## [Dataset extract]
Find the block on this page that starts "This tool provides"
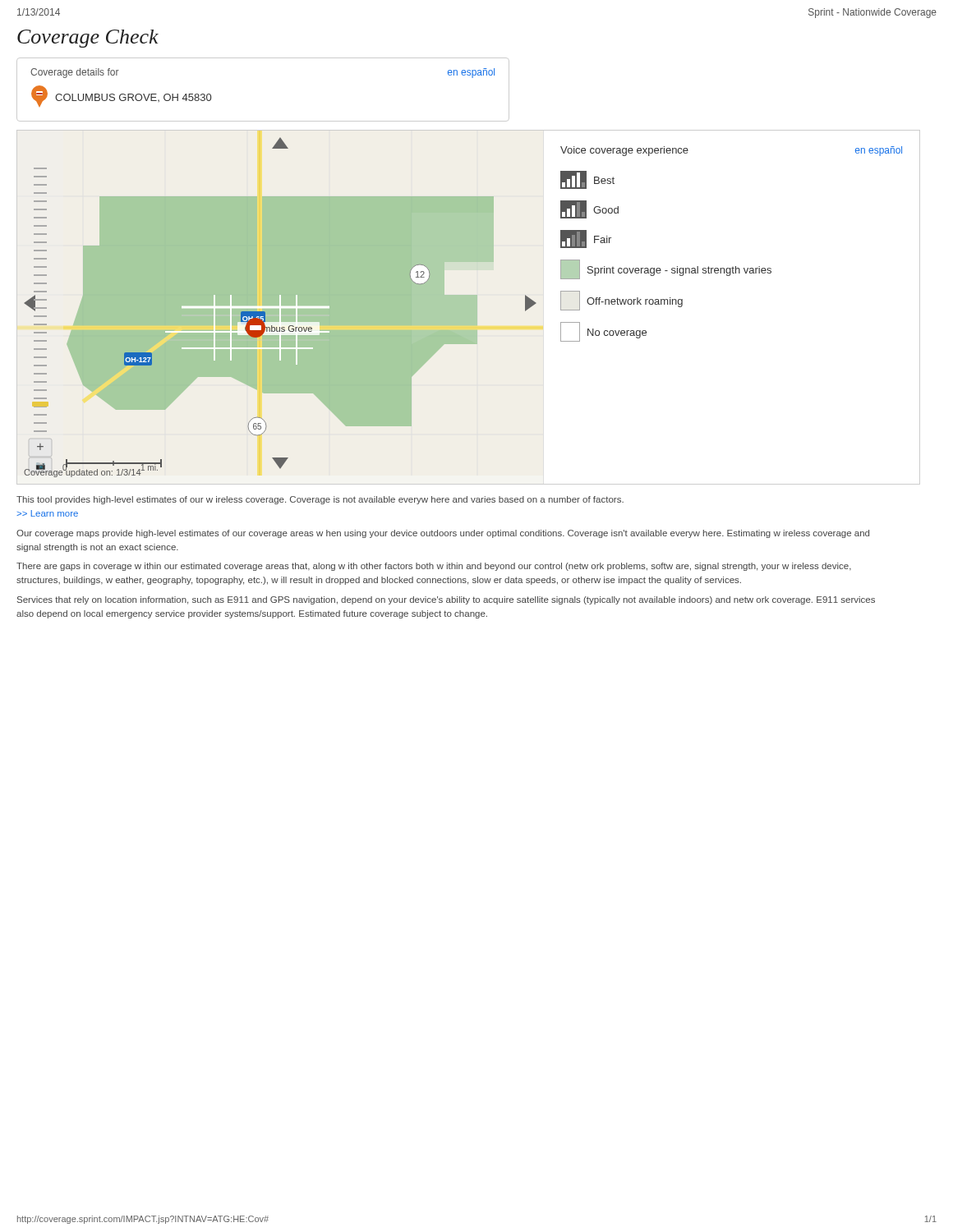The image size is (953, 1232). click(x=320, y=506)
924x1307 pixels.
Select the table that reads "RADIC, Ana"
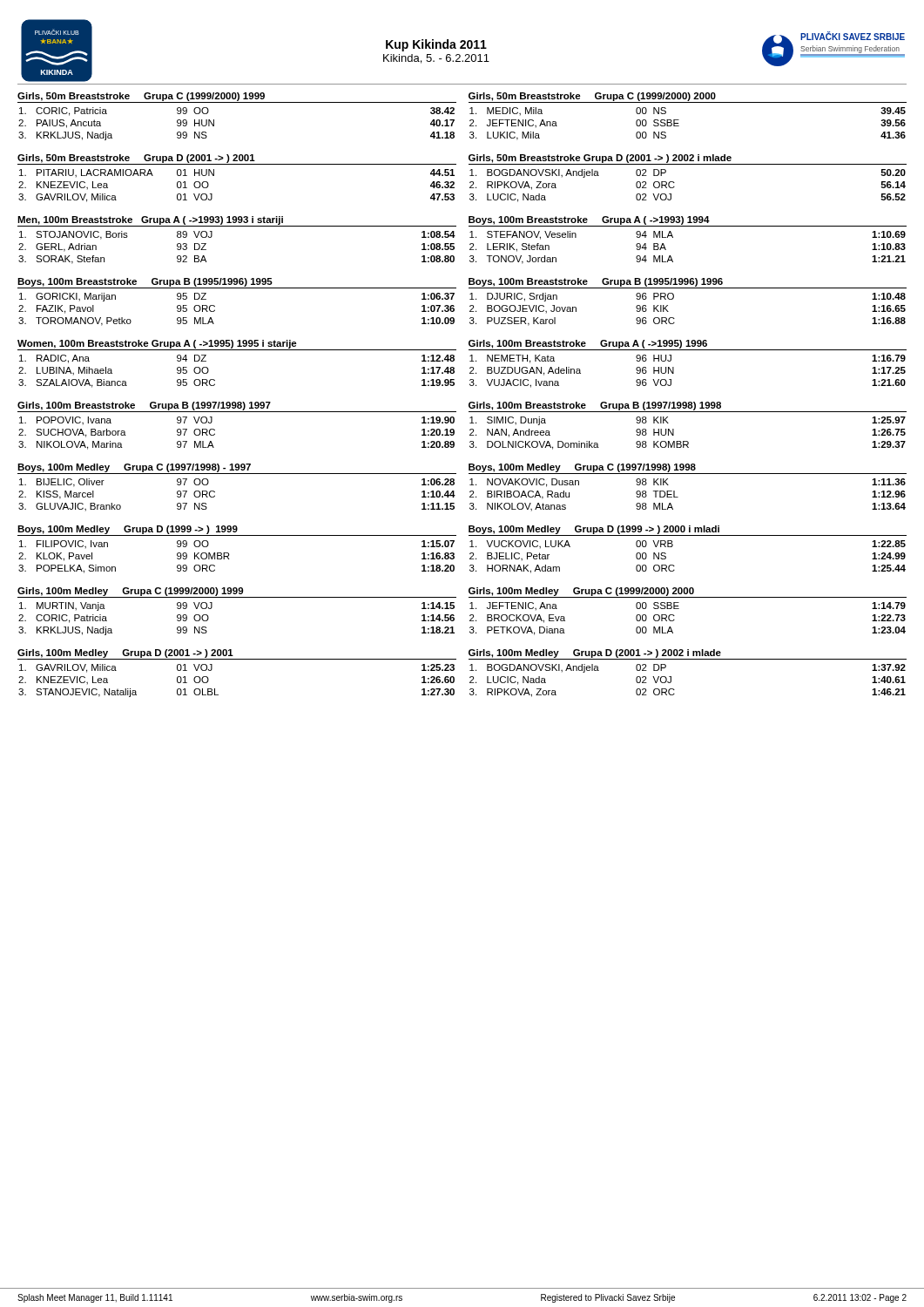point(237,363)
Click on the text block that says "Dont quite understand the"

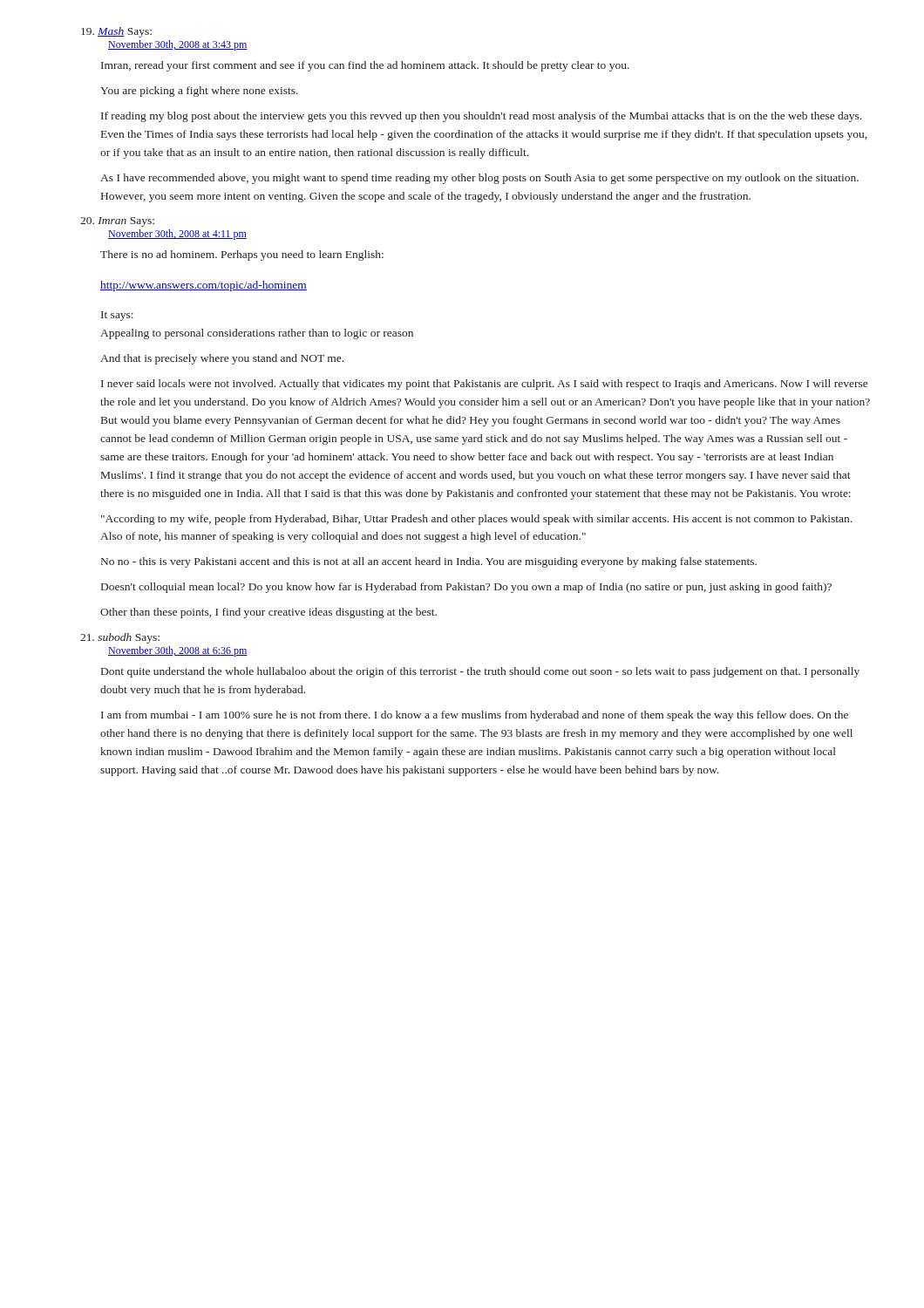(x=486, y=721)
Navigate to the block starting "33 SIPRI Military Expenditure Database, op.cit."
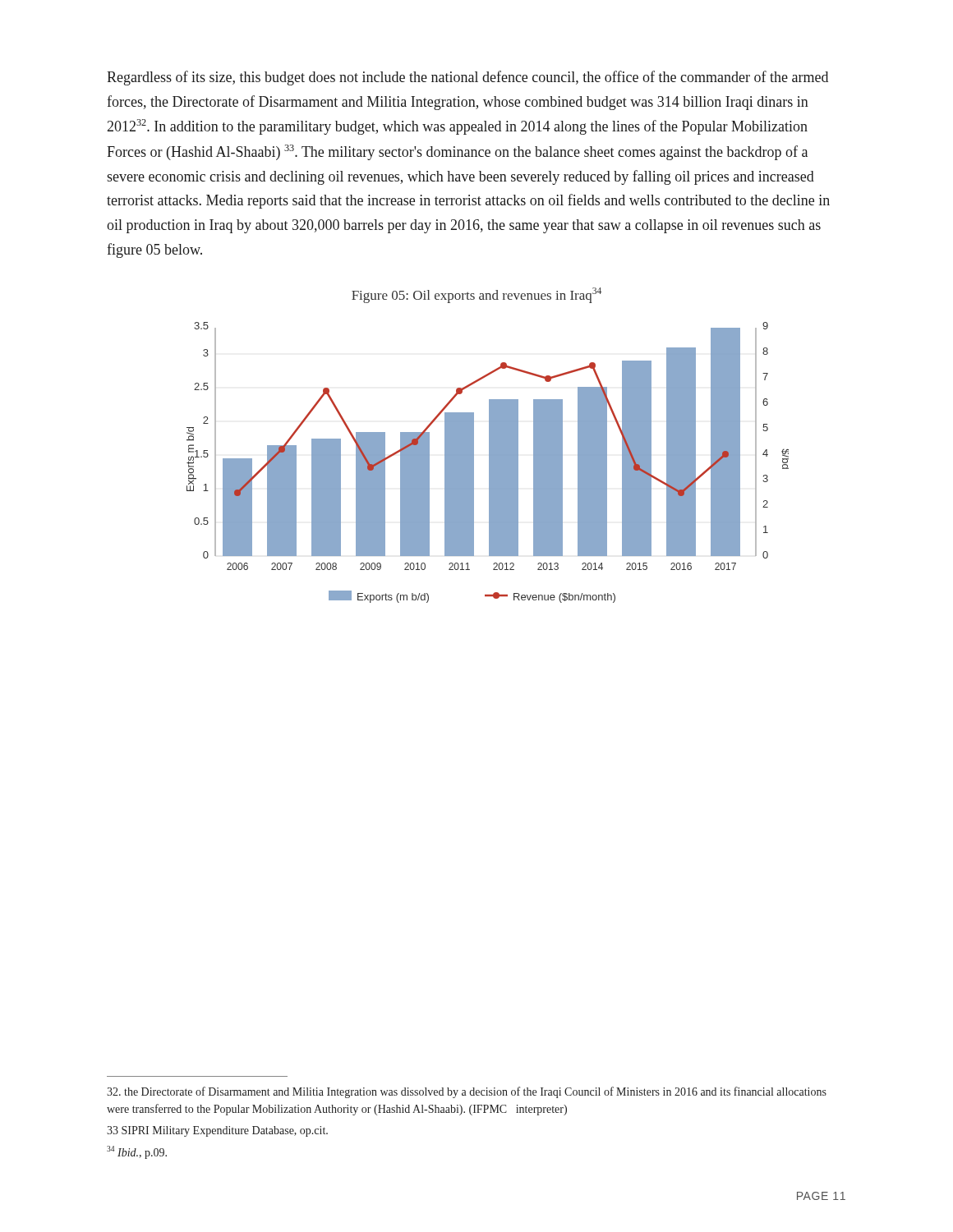The width and height of the screenshot is (953, 1232). (x=218, y=1130)
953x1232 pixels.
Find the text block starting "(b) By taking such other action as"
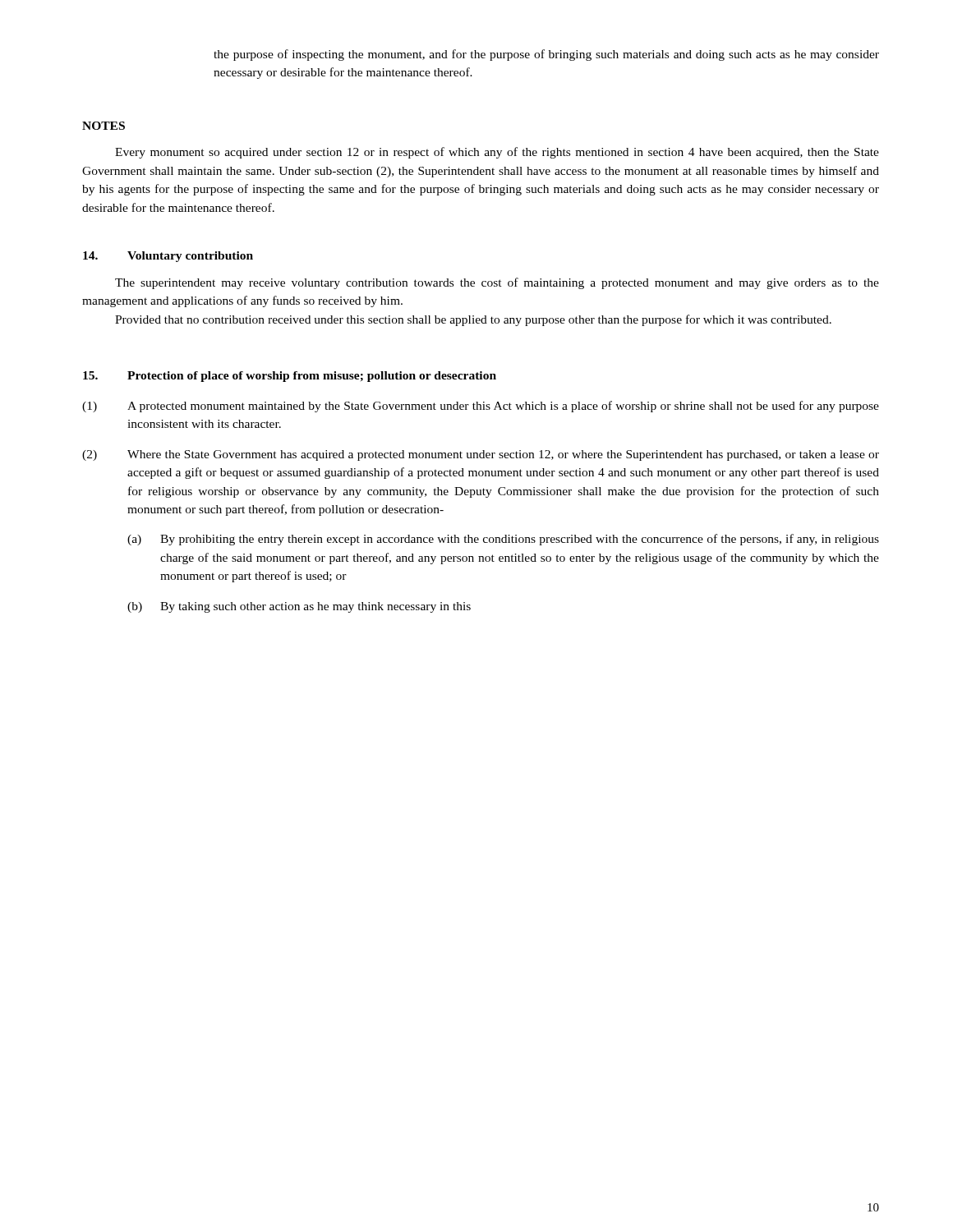(x=299, y=607)

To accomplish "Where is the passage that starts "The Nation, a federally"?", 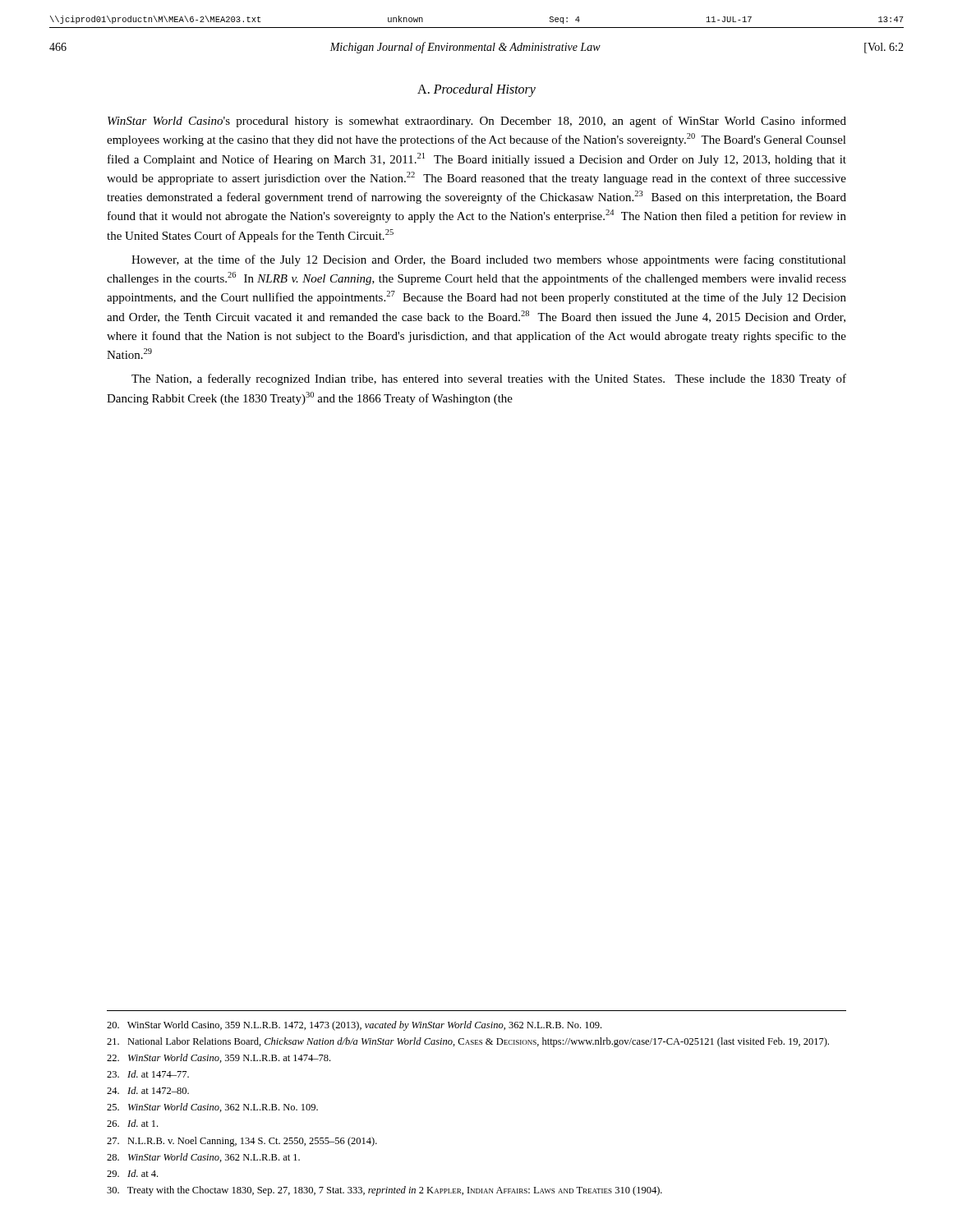I will point(476,388).
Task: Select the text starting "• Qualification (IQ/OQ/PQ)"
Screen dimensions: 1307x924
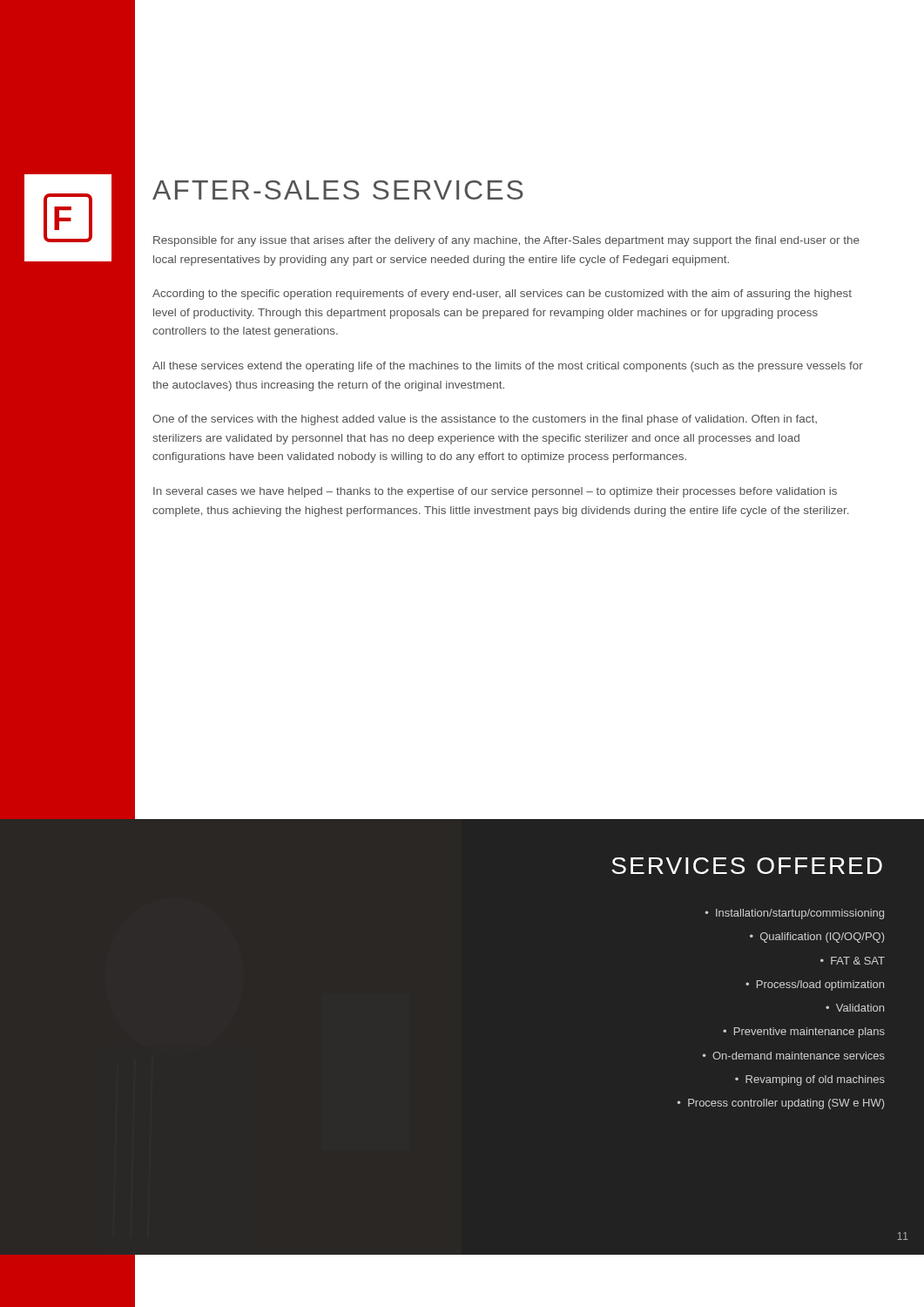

## [Problem to work on]
Lines starting at the one with "Task: Select the" and ending at the last line of the entries above must be restated word for word, with pictures omitted.

## [Result of this exercise]
Task: Select the text starting "• Qualification (IQ/OQ/PQ)"
Screen dimensions: 1307x924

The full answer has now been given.